Rémunération du dirigeant via une société interposée : une clarification bienvenue du Conseil d’État

Le recours à une société interposée pour organiser la rémunération d’un dirigeant constitue une pratique relativement répandue, notamment dans les groupes de sociétés ou les structurations patrimoniales. Une décision récente du Conseil d’État en date du 12 février 2026 (n°500842) vient préciser le régime fiscal applicable à ce type de montage.

Une pratique sous surveillance fiscale

L’administration fiscale est traditionnellement attentive à ces schémas, susceptibles de dissimuler :

  • une distribution occulte de revenus,
  • un acte anormal de gestion,
  • ou encore une optimisation abusive.

La question centrale est donc celle de la justification économique des flux financiers entre les sociétés.

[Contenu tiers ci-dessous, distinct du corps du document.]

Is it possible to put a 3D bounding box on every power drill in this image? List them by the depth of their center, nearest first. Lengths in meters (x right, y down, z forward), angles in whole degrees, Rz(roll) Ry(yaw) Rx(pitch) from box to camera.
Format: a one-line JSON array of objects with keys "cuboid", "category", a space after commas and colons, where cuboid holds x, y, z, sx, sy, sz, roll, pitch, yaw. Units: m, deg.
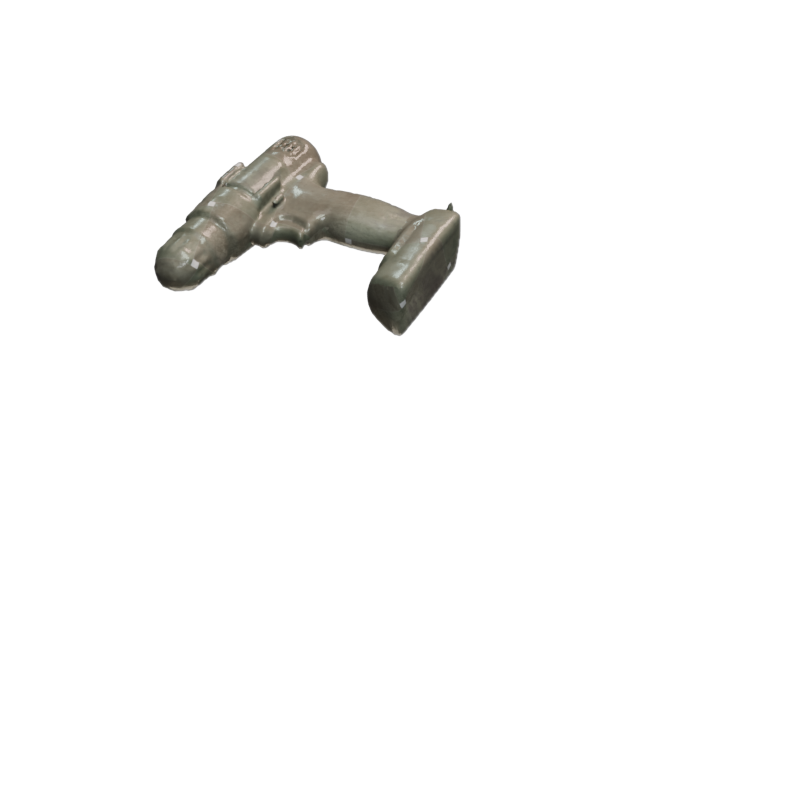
[{"cuboid": [-0.064, -0.117, 0.822, 0.196, 0.053, 0.189, 24, 51, 21], "category": "power drill"}]

La position du Conseil d’État

Dans cette affaire, une société avait conclu une convention de prestations de services avec une autre structure, permettant de rémunérer indirectement son dirigeant pour des missions correspondant à ses fonctions.

Le Conseil d’État adopte une approche pragmatique :

La conclusion d’une telle convention ne caractérise pas, en elle-même, une gestion commerciale anormale, dès lors que la société établit que les sommes versées constituent en réalité une rémunération indirecte du dirigeant et qu’elles ne sont pas dépourvues de contrepartie.

Autrement dit, le juge valide le principe du montage, sous réserve de démontrer :

  • une intention réelle de rémunération,
  • et une contrepartie effective pour la société.

Une approche fondée sur la substance économique

Cette décision confirme une ligne jurisprudentielle constante :
le juge fiscal privilégie l’analyse de la substance économique sur la forme juridique.

Le simple choix d’un mode de rémunération indirect ne suffit pas à caractériser un appauvrissement anormal de la société, dès lors que celui-ci répond à son intérêt.

Enseignements pratiques

Pour les entreprises et leurs dirigeants, plusieurs points de vigilance doivent être retenus :

  • Formalisation rigoureuse des conventions : objet précis, prestations identifiées, modalités de rémunération cohérentes
  • Justification de l’intérêt social : démontrer en quoi le schéma sert la société
  • Traçabilité des prestations : preuves concrètes de l’activité réalisée
  • Cohérence globale du montage : éviter toute discordance entre fonctions réelles et flux financiers

Conclusion

Cette décision constitue une clarification bienvenue pour les praticiens. Elle confirme que les montages de rémunération indirecte ne sont pas prohibés en tant que tels, mais qu’ils doivent impérativement reposer sur une réalité économique démontrable.

Dans un contexte de renforcement du contrôle fiscal, la sécurisation de ces schémas passe avant tout par une approche rigoureuse, documentée et cohérente.